Resources for Problem Solving at GCSE - Michael Anderson 

Lucy TyremanBefore this workshop, I firmly believed that you could not teach problem solving. 
When we teach students the maths they need to solve problems, we can give them a nice rule or algorithm to follow that will get them the right answer every time, though of course we make sure they understand why the rule works. But this doesn’t work for problem solving. Problem solving is all in the method, not the answer. Although there may be a right answer, there is no right way of getting there. As long as the maths and logic is sound, anything goes. 

Despite having much the same opinion after the workshop, it has enlightened me to the ways in which we as teachers can develop other skills required of students when they are problem solving, particularly planning a strategy.

One hurdle facing students when problem solving is the lack of a structured method given to them.

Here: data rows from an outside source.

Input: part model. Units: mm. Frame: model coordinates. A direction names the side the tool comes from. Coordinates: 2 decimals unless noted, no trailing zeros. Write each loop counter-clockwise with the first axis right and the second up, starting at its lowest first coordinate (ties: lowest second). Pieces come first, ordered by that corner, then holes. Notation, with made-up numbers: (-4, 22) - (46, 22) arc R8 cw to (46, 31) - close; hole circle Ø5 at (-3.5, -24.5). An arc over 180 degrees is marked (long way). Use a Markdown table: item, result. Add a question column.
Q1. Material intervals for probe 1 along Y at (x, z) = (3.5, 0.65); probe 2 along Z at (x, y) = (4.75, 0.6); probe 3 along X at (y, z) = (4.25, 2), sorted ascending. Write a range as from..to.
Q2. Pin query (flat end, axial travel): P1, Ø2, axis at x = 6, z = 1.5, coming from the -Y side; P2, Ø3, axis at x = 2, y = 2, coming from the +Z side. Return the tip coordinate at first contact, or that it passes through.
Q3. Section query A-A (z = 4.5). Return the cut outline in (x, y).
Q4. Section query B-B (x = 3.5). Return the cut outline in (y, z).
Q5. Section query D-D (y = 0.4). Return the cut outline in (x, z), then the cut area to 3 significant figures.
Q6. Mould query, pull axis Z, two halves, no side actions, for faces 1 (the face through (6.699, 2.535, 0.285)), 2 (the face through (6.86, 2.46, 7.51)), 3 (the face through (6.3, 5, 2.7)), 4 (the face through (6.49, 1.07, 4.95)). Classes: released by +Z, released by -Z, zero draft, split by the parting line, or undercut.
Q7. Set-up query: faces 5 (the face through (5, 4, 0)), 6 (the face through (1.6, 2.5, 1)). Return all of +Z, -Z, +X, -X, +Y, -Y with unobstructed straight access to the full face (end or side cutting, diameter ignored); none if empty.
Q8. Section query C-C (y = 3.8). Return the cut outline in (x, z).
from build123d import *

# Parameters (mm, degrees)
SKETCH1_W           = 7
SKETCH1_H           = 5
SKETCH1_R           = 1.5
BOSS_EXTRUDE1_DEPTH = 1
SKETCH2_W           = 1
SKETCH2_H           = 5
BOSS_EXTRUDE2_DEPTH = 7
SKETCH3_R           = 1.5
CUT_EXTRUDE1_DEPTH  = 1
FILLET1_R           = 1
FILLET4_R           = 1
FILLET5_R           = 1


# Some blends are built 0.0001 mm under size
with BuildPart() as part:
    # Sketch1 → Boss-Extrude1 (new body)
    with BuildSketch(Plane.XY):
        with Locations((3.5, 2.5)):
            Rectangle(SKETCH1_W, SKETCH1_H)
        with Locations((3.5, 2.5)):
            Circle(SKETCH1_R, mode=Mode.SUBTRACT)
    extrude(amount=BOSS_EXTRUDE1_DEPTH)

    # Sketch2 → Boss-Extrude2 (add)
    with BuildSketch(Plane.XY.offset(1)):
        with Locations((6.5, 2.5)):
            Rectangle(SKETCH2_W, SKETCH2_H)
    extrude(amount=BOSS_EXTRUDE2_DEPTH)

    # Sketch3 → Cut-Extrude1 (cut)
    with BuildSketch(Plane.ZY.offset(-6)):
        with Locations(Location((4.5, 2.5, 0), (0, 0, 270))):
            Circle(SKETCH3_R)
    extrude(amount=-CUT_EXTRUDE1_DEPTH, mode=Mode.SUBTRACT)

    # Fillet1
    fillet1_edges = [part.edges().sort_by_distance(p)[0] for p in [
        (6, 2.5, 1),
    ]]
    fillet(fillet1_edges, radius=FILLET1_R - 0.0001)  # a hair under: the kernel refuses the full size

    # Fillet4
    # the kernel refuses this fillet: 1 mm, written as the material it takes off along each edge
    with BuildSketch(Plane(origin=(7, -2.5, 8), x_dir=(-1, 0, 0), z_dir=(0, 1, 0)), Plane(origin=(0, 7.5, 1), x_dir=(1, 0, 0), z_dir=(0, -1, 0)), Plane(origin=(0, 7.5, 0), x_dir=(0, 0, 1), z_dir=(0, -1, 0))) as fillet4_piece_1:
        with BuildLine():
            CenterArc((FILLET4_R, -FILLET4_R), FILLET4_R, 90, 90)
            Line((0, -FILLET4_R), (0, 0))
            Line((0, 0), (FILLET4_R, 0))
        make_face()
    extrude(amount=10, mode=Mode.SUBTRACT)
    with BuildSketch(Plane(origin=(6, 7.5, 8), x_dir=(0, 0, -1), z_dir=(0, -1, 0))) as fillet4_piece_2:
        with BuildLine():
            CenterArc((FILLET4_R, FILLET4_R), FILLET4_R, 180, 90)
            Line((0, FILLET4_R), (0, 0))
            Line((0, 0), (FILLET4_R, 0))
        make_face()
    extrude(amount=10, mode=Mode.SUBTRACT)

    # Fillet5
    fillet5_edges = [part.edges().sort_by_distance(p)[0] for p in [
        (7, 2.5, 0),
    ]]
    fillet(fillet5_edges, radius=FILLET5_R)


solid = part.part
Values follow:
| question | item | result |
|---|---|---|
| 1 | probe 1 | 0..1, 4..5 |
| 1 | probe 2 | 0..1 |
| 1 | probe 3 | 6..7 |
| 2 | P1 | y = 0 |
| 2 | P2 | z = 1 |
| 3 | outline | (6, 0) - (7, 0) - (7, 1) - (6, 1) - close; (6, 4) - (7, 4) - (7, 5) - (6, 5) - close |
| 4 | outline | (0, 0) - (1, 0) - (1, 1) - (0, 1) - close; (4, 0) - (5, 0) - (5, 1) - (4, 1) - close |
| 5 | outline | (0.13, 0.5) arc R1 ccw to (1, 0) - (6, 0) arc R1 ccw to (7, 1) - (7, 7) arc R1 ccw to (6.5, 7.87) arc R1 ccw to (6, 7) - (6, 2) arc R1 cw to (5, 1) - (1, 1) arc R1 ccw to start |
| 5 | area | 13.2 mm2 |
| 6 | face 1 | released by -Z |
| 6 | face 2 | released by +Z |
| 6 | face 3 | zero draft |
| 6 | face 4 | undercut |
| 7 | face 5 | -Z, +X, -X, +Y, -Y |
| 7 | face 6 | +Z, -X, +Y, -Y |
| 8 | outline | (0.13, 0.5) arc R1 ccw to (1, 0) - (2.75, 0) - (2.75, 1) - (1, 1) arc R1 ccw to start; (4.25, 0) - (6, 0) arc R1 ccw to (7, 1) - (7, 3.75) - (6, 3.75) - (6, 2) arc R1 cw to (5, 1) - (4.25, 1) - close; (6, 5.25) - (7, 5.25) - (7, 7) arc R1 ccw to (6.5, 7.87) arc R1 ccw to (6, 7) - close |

Students become used to being taught that there is one way of doing maths and following the steps they know. When this is taken away it can be a shock. However, if there’s anything I took away from this workshop it’s that dots can solve it.

20 minutes of talking about 24 dots on a page. It seems ridiculous; how could you spend so long talking about some dots? Yet, I really think this could be a crucial tool when introducing students to the many ways of solving problems. Counting dots, at its surface, is a simple task. However, when you stop and think about what you’re doing when you count and compare your method with that of other people it opens a discussion into the many ways one can perform such a simple task.

My table alone had four different ways of counting: snaking a path and counting individually, seeing it as a grid with dots missing, and grouping in two different ways. When the conversation opened to the whole group, there were even more ways shared. I found myself thinking, if there are so many ways to go about counting some dots, imagine the number ways there could be to solve a more complex problem.

Starting a problem-solving lesson with an activity like this could really help students get over the idea that there is only one way to do maths, and just because their neighbour does it differently doesn’t mean either of them are wrong.

Overall, the discussions we had during the workshop have made me see that although it may not be possible to teach problem-solving directly, as teachers we can facilitate the development of skills needed to become good problem-solvers. By getting students to slow down and think about the strategy they want to use, and realising they are a few they could try, we begin to foster the patience and planning they will need to be successful in this discipline.